- **YOUR INSTRUCTIONS**:
Leave out the pictures and copy the remaining records exactly.

- **Items from a data source**:
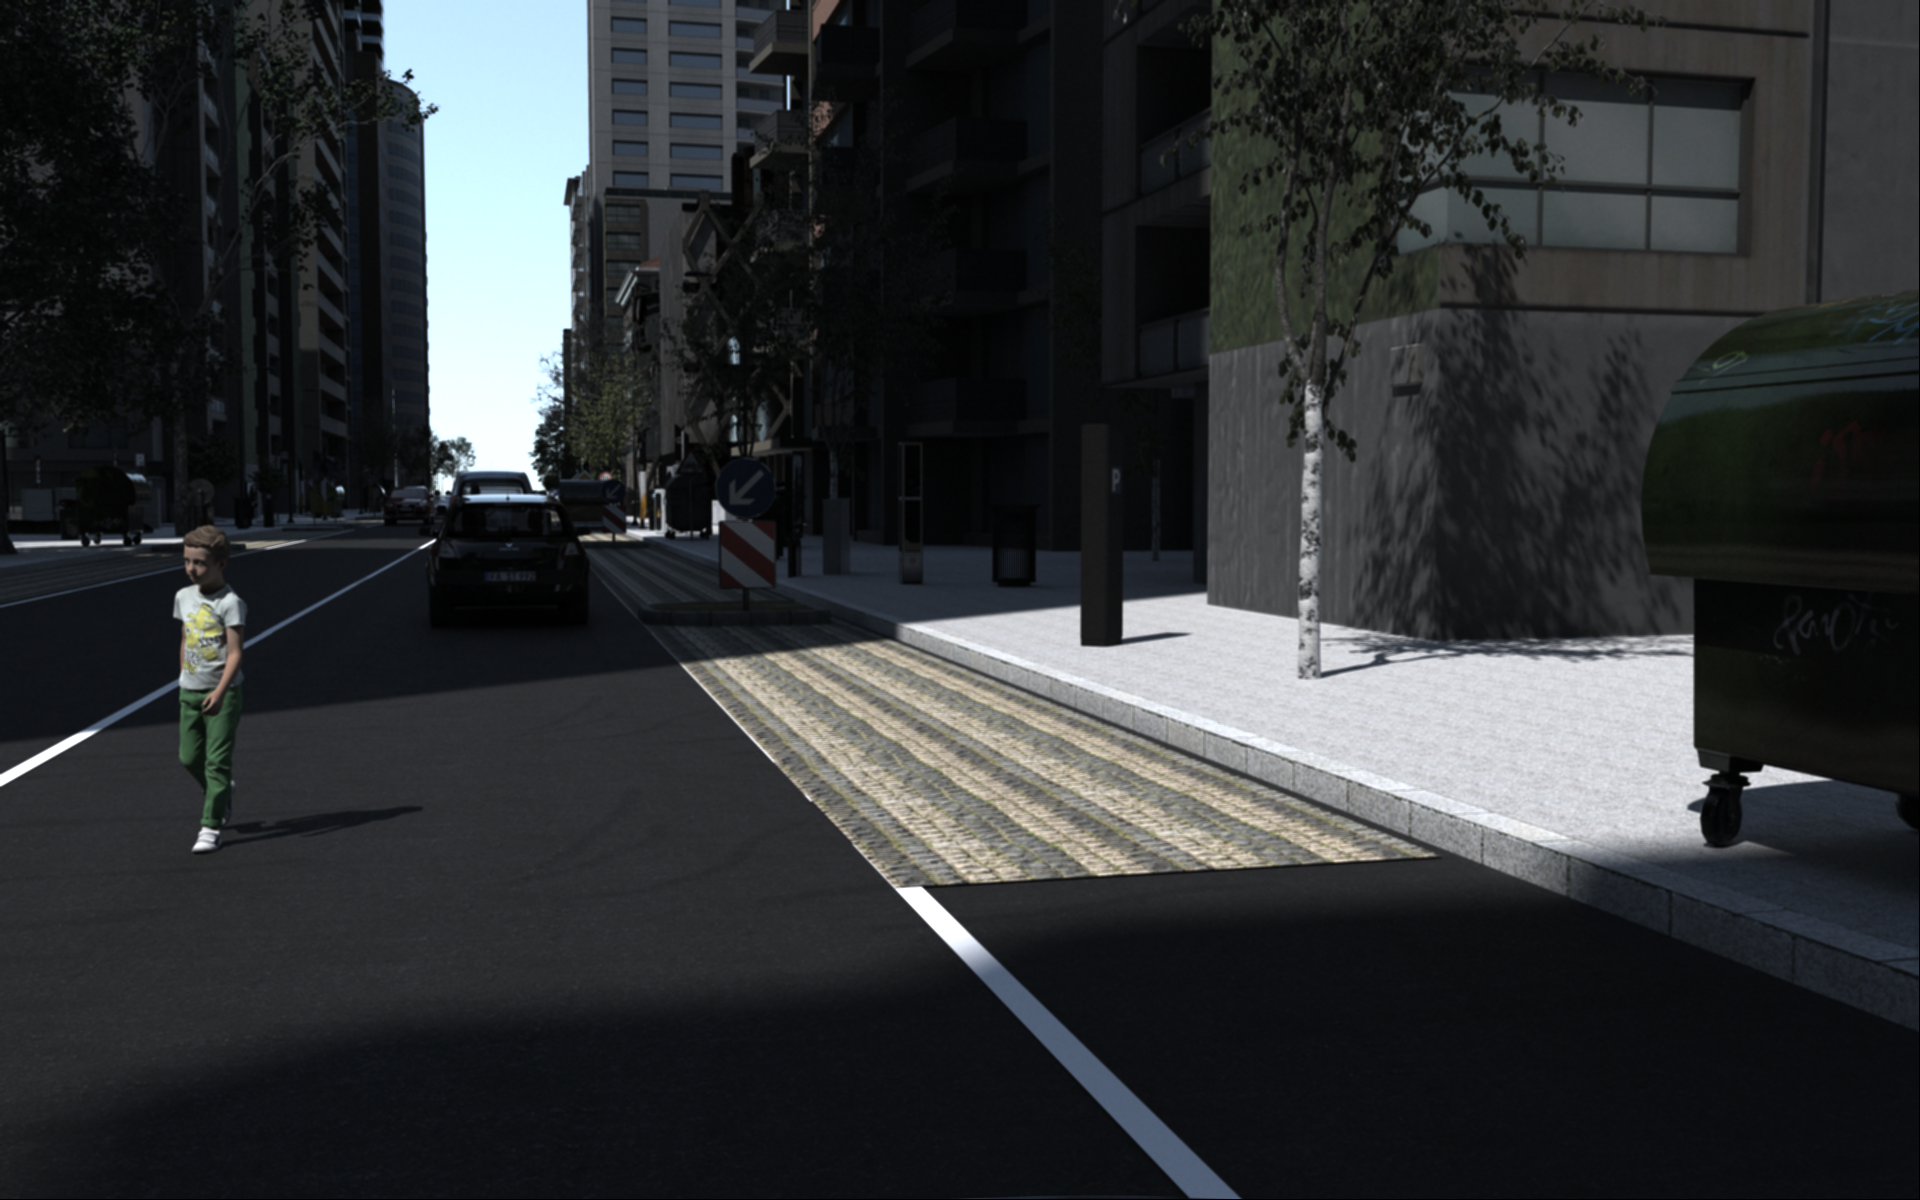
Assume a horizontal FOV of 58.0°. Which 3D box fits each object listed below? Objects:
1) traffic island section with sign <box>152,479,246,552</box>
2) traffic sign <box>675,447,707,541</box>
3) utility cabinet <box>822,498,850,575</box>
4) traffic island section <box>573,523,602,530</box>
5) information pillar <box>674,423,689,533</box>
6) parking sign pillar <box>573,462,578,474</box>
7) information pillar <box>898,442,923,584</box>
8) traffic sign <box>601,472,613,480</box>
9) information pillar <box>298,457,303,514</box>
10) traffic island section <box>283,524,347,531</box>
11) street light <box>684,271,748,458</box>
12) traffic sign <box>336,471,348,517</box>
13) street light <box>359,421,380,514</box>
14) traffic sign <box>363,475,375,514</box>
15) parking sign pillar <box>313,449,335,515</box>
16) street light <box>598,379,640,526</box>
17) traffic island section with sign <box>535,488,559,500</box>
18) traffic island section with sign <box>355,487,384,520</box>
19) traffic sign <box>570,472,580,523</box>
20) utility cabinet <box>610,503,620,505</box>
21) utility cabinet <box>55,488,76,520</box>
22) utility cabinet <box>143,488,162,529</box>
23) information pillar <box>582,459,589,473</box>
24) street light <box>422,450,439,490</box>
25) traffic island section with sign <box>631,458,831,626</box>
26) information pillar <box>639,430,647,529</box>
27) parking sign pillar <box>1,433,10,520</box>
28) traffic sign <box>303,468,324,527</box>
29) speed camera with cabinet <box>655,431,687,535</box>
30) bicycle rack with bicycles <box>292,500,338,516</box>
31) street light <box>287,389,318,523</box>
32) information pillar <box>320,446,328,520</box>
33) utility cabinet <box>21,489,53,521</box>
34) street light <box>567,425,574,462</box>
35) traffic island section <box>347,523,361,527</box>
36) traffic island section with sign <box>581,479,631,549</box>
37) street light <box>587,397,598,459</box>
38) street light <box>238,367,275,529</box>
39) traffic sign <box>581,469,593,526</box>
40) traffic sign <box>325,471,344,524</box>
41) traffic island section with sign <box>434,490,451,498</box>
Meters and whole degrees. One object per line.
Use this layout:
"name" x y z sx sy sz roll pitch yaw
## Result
"traffic island section with sign" -19.148 -2.142 43.648 1.989 1.847 2.006 -1 4 -14
"traffic sign" -7.375 -2.907 47.531 0.884 2.594 0.081 0 4 -6
"utility cabinet" -2.002 -1.030 28.009 0.306 1.237 1.020 0 4 5
"traffic island section" -17.122 -3.403 77.923 2.009 0.180 2.903 -1 4 -14
"information pillar" -9.207 -4.033 57.289 0.504 3.616 0.183 -1 4 -18
"parking sign pillar" -32.787 -9.736 147.657 1.447 3.967 1.447 -1 4 -13
"information pillar" -0.704 -1.237 24.722 0.304 2.012 0.304 -1 4 -12
"traffic sign" -20.027 -5.990 98.040 0.768 2.556 0.104 0 4 -7
"information pillar" -41.530 -7.203 109.119 0.183 3.616 0.504 -3 5 -39
"traffic island section" -25.224 -2.774 67.634 2.009 0.180 2.903 -1 4 -14
"street light" -5.049 -3.900 36.312 1.470 5.913 1.316 -1 4 -14
"traffic sign" -34.071 -5.825 95.352 0.768 2.556 0.104 -1 4 -12
"street light" -37.631 -8.427 110.326 1.470 5.913 1.316 -1 4 -14
"traffic sign" -38.657 -6.926 113.351 0.768 2.556 0.104 -1 4 -12
"parking sign pillar" -37.867 -7.024 103.307 1.447 3.967 1.447 -1 4 -15
"street light" -13.734 -5.968 70.119 1.470 5.913 1.316 -1 4 -14
"traffic island section with sign" -29.750 -7.189 126.162 1.989 1.847 2.006 -1 4 -14
"traffic island section with sign" -32.597 -5.376 96.531 1.989 1.847 2.006 -1 4 -14
"traffic sign" -17.143 -4.538 77.841 0.795 2.450 0.064 -1 4 -14
"utility cabinet" -19.241 -5.142 95.237 1.020 1.237 0.306 -3 4 -36
"utility cabinet" -32.468 -3.333 63.172 0.318 1.500 1.173 1 4 8
"utility cabinet" -29.857 -3.340 63.289 1.173 1.500 0.318 0 4 -6
"information pillar" -25.063 -7.631 116.113 0.504 3.616 0.183 1 4 20
"street light" -56.137 -12.861 182.812 1.470 5.913 1.316 -1 4 -14
"traffic island section with sign" -2.620 -0.672 19.615 1.989 1.847 2.006 -1 4 -14
"information pillar" -11.615 -4.407 63.413 0.183 3.616 0.504 -2 4 -29
"parking sign pillar" -42.942 -5.400 76.759 1.447 3.967 1.447 -1 4 -16
"traffic sign" -25.203 -3.910 67.578 0.795 2.450 0.064 -1 4 -14
"speed camera with cabinet" -9.150 -3.708 54.960 0.660 3.252 2.038 -2 4 -26
"bicycle rack with bicycles" -37.429 -5.343 100.734 2.925 0.926 2.852 -2 4 -26
"street light" -28.942 -6.341 76.211 1.470 5.913 1.316 -1 4 -14
"information pillar" -31.358 -5.747 85.323 0.183 3.616 0.504 -3 5 -41
"utility cabinet" -40.076 -4.068 75.187 0.318 1.500 1.173 2 4 34
"street light" -25.680 -8.837 117.027 1.470 5.913 1.316 -1 4 -14
"traffic island section" -27.195 -3.247 75.373 2.009 0.180 2.903 -1 4 -14
"traffic island section with sign" -9.378 -2.296 46.160 1.989 1.847 2.006 -1 4 -14
"street light" -17.051 -6.769 83.207 1.470 5.913 1.316 -1 4 -14
"street light" -25.701 -5.548 63.251 1.470 5.913 1.316 -1 4 -14
"traffic sign" -15.173 -4.065 70.102 0.795 2.450 0.064 -1 4 -14
"traffic sign" -27.174 -4.384 75.317 0.795 2.450 0.064 -1 4 -14
"traffic island section with sign" -51.762 -9.978 171.774 1.989 1.847 2.006 -1 4 -14

- **ANSWER TO THE PROBLEM**:
Assume a horizontal FOV of 58.0°. Which 3D box fits each object listed below? Objects:
1) traffic island section with sign <box>152,479,246,552</box>
2) traffic sign <box>675,447,707,541</box>
3) utility cabinet <box>822,498,850,575</box>
4) traffic island section <box>573,523,602,530</box>
5) information pillar <box>674,423,689,533</box>
6) parking sign pillar <box>573,462,578,474</box>
7) information pillar <box>898,442,923,584</box>
8) traffic sign <box>601,472,613,480</box>
9) information pillar <box>298,457,303,514</box>
10) traffic island section <box>283,524,347,531</box>
11) street light <box>684,271,748,458</box>
12) traffic sign <box>336,471,348,517</box>
13) street light <box>359,421,380,514</box>
14) traffic sign <box>363,475,375,514</box>
15) parking sign pillar <box>313,449,335,515</box>
16) street light <box>598,379,640,526</box>
17) traffic island section with sign <box>535,488,559,500</box>
18) traffic island section with sign <box>355,487,384,520</box>
19) traffic sign <box>570,472,580,523</box>
20) utility cabinet <box>610,503,620,505</box>
21) utility cabinet <box>55,488,76,520</box>
22) utility cabinet <box>143,488,162,529</box>
23) information pillar <box>582,459,589,473</box>
24) street light <box>422,450,439,490</box>
25) traffic island section with sign <box>631,458,831,626</box>
26) information pillar <box>639,430,647,529</box>
27) parking sign pillar <box>1,433,10,520</box>
28) traffic sign <box>303,468,324,527</box>
29) speed camera with cabinet <box>655,431,687,535</box>
30) bicycle rack with bicycles <box>292,500,338,516</box>
31) street light <box>287,389,318,523</box>
32) information pillar <box>320,446,328,520</box>
33) utility cabinet <box>21,489,53,521</box>
34) street light <box>567,425,574,462</box>
35) traffic island section <box>347,523,361,527</box>
36) traffic island section with sign <box>581,479,631,549</box>
37) street light <box>587,397,598,459</box>
38) street light <box>238,367,275,529</box>
39) traffic sign <box>581,469,593,526</box>
40) traffic sign <box>325,471,344,524</box>
41) traffic island section with sign <box>434,490,451,498</box>
Meters and whole degrees. One object per line.
Use this layout:
"name" x y z sx sy sz roll pitch yaw
## Result
"traffic island section with sign" -19.148 -2.142 43.648 1.989 1.847 2.006 -1 4 -14
"traffic sign" -7.375 -2.907 47.531 0.884 2.594 0.081 0 4 -6
"utility cabinet" -2.002 -1.030 28.009 0.306 1.237 1.020 0 4 5
"traffic island section" -17.122 -3.403 77.923 2.009 0.180 2.903 -1 4 -14
"information pillar" -9.207 -4.033 57.289 0.504 3.616 0.183 -1 4 -18
"parking sign pillar" -32.787 -9.736 147.657 1.447 3.967 1.447 -1 4 -13
"information pillar" -0.704 -1.237 24.722 0.304 2.012 0.304 -1 4 -12
"traffic sign" -20.027 -5.990 98.040 0.768 2.556 0.104 0 4 -7
"information pillar" -41.530 -7.203 109.119 0.183 3.616 0.504 -3 5 -39
"traffic island section" -25.224 -2.774 67.634 2.009 0.180 2.903 -1 4 -14
"street light" -5.049 -3.900 36.312 1.470 5.913 1.316 -1 4 -14
"traffic sign" -34.071 -5.825 95.352 0.768 2.556 0.104 -1 4 -12
"street light" -37.631 -8.427 110.326 1.470 5.913 1.316 -1 4 -14
"traffic sign" -38.657 -6.926 113.351 0.768 2.556 0.104 -1 4 -12
"parking sign pillar" -37.867 -7.024 103.307 1.447 3.967 1.447 -1 4 -15
"street light" -13.734 -5.968 70.119 1.470 5.913 1.316 -1 4 -14
"traffic island section with sign" -29.750 -7.189 126.162 1.989 1.847 2.006 -1 4 -14
"traffic island section with sign" -32.597 -5.376 96.531 1.989 1.847 2.006 -1 4 -14
"traffic sign" -17.143 -4.538 77.841 0.795 2.450 0.064 -1 4 -14
"utility cabinet" -19.241 -5.142 95.237 1.020 1.237 0.306 -3 4 -36
"utility cabinet" -32.468 -3.333 63.172 0.318 1.500 1.173 1 4 8
"utility cabinet" -29.857 -3.340 63.289 1.173 1.500 0.318 0 4 -6
"information pillar" -25.063 -7.631 116.113 0.504 3.616 0.183 1 4 20
"street light" -56.137 -12.861 182.812 1.470 5.913 1.316 -1 4 -14
"traffic island section with sign" -2.620 -0.672 19.615 1.989 1.847 2.006 -1 4 -14
"information pillar" -11.615 -4.407 63.413 0.183 3.616 0.504 -2 4 -29
"parking sign pillar" -42.942 -5.400 76.759 1.447 3.967 1.447 -1 4 -16
"traffic sign" -25.203 -3.910 67.578 0.795 2.450 0.064 -1 4 -14
"speed camera with cabinet" -9.150 -3.708 54.960 0.660 3.252 2.038 -2 4 -26
"bicycle rack with bicycles" -37.429 -5.343 100.734 2.925 0.926 2.852 -2 4 -26
"street light" -28.942 -6.341 76.211 1.470 5.913 1.316 -1 4 -14
"information pillar" -31.358 -5.747 85.323 0.183 3.616 0.504 -3 5 -41
"utility cabinet" -40.076 -4.068 75.187 0.318 1.500 1.173 2 4 34
"street light" -25.680 -8.837 117.027 1.470 5.913 1.316 -1 4 -14
"traffic island section" -27.195 -3.247 75.373 2.009 0.180 2.903 -1 4 -14
"traffic island section with sign" -9.378 -2.296 46.160 1.989 1.847 2.006 -1 4 -14
"street light" -17.051 -6.769 83.207 1.470 5.913 1.316 -1 4 -14
"street light" -25.701 -5.548 63.251 1.470 5.913 1.316 -1 4 -14
"traffic sign" -15.173 -4.065 70.102 0.795 2.450 0.064 -1 4 -14
"traffic sign" -27.174 -4.384 75.317 0.795 2.450 0.064 -1 4 -14
"traffic island section with sign" -51.762 -9.978 171.774 1.989 1.847 2.006 -1 4 -14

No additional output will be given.